The Big XII fancies itself the fastest, most high-octane conference in college football (*coughPAC-12cough*) and wants to do everything possible to encourage the up-tempo style of play that delights fans and causes defensive coordinators to have sweaty, febrile dreams. The latest innovation? Having an eighth official—to be donated by an “A” on his uniform a la Hester Prynne—on the field to help both spot the ball quicker and to monitor the tackle box.
Walt Anderson, the Big XII’s coordinator of officials, discussed the reasoning behind the decision, explaining that an eighth official would help alleviate some of the multitasking pressures felt by the referee and the umpire:
The real genesis came over the last couple of years with the evolution of the game. One of the things that became evident [is] that the only officials that really have the opportunity to get the ball in play are the referee and umpire.
Many times in the game one or both of those guys, really, all they’d have time to do is replace the ball.
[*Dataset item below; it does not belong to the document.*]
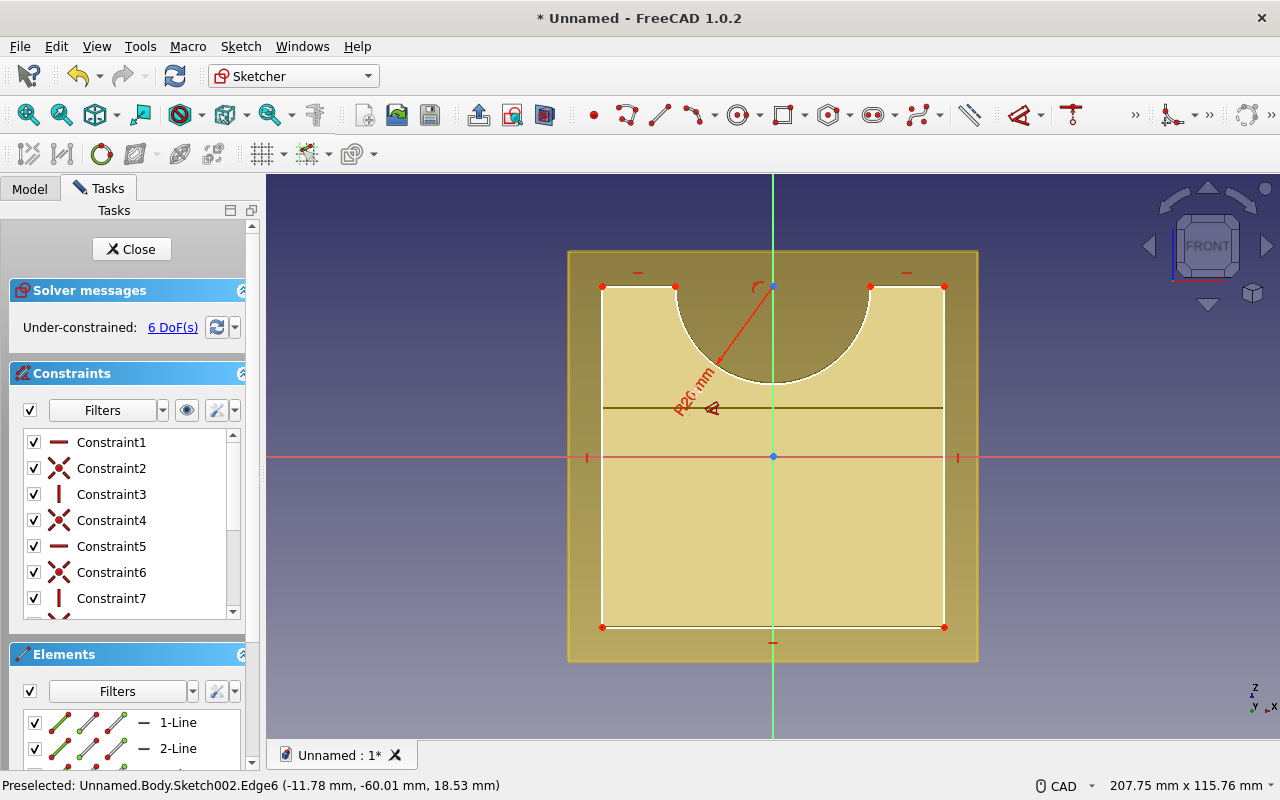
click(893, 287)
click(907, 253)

Many times they’re just working at getting out of the way. Once the ball is snapped you’ve got blocks you’ve got to watch out for, hits on the quarterback, pass/fumble rules. For the umpire he’s needing to try to get out of the way of the linebackers and get back to his eight-yard depth (CBS Sports).
As someone who loves the fast-paced offenses run by the likes of Baylor and West Virginia, this news officially makes me excited (thank you, thank you, I’ll be here all all night).